What to work on: Once you find the line containing "Put a 3D box" in the data below, copy it and each following line exactly, up to and including the line containing "short metal cylinder (18,61,87,127)", and nothing else.

Input records:
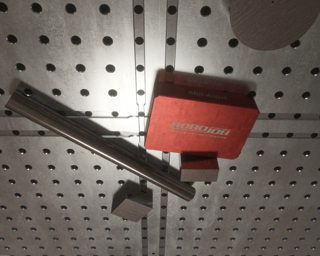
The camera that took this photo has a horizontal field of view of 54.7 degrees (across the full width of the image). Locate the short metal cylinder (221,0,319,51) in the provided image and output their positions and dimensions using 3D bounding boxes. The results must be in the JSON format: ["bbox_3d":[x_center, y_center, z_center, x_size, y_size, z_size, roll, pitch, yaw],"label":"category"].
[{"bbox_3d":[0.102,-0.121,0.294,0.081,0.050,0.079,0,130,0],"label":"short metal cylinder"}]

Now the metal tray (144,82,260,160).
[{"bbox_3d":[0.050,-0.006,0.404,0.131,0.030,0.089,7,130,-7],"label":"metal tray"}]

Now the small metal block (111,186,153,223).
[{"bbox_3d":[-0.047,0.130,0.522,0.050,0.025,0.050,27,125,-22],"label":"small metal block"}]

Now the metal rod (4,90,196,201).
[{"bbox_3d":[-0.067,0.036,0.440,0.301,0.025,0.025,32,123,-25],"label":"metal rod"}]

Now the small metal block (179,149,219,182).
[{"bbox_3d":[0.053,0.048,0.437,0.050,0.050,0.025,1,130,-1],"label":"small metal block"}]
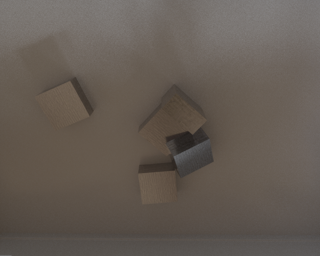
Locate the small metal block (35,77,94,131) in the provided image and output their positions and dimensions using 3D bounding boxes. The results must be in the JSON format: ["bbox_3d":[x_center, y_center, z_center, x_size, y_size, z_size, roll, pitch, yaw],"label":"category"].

* * *

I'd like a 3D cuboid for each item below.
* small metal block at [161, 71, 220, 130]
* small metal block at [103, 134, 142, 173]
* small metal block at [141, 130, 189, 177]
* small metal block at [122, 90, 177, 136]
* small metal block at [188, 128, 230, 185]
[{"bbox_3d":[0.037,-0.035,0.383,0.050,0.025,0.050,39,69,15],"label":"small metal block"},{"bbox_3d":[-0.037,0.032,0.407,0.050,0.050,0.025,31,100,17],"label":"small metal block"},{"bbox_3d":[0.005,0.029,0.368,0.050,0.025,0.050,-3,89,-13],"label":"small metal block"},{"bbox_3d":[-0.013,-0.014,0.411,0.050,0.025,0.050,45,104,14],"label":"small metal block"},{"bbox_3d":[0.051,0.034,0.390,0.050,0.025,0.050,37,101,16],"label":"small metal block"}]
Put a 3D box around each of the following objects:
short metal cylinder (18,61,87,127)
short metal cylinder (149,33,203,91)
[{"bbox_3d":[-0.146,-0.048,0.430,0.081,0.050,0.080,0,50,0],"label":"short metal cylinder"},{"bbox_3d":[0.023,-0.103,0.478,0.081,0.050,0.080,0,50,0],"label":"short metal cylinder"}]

Answer to this problem:
Put a 3D box around each of the following objects:
short metal cylinder (18,61,87,127)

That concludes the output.